Teaching Points for Protein Characterization Lab


VDS Staff,

There are 2 days to the lab

PART 1: prepare samples (this could be done in advance and frozen – i.e. previous day)

PART 2: run gel and stain gel

Destain overnight

PART3: Image destained gel

Dry gel on dryer and take another image

REAGENTS:

The Blue loading dye: use the one for protein, not the DNA loading dye!  The glycerol will make it sticky – so they should cut their pipette tip with scissors if necessary.

We have used Imperial Protein stain and fresh.

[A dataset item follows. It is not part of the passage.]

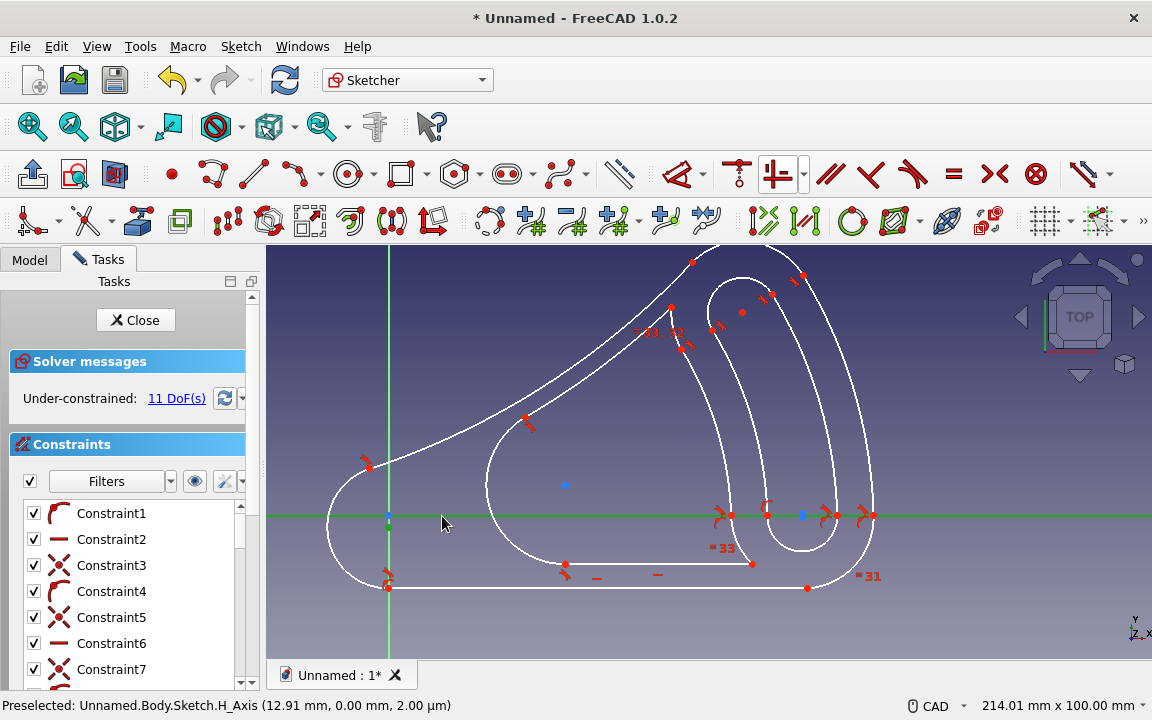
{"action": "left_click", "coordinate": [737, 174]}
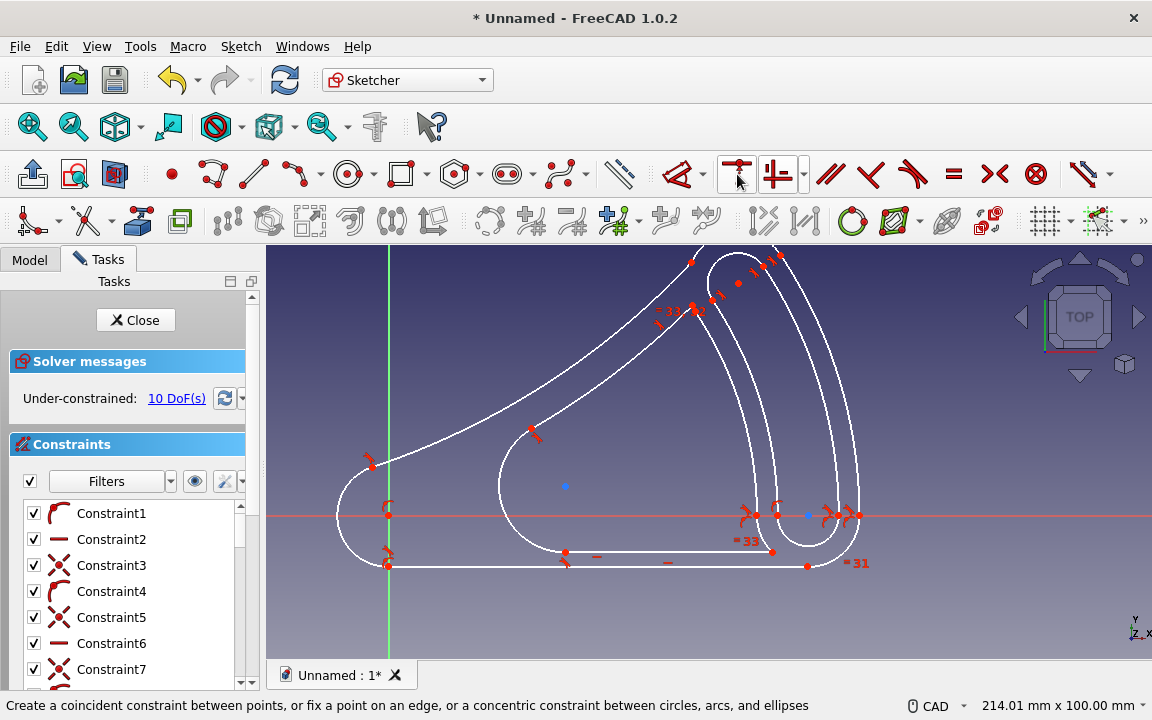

We can use the fresh stuff – but they need to save it when they are done (don’t dump Imperial Protein stain down the drain)

IMPORTANT CONCEPTS & SKILLS:

You will have to demonstrate how to clear out the wells with a syringe first.

You will really have to watch  them load their samples.

When there gel is done running – they won’t be able to see any bands (only the ladder) – ask them what was wrong with their gel? They will freak out – but when they stain it – they will see their bands within an hour!

 

That bigger proteins will be at the top of the gel

This is a denaturing gel – so the proteins are NOT in their native conformation – but rather unraveled

 

Explain the different lanes to them and what they ‘should’ see

Ladder – comes from known proteins of known sizes

Flow Through – should have lots of soluble protein (many bands or a smear)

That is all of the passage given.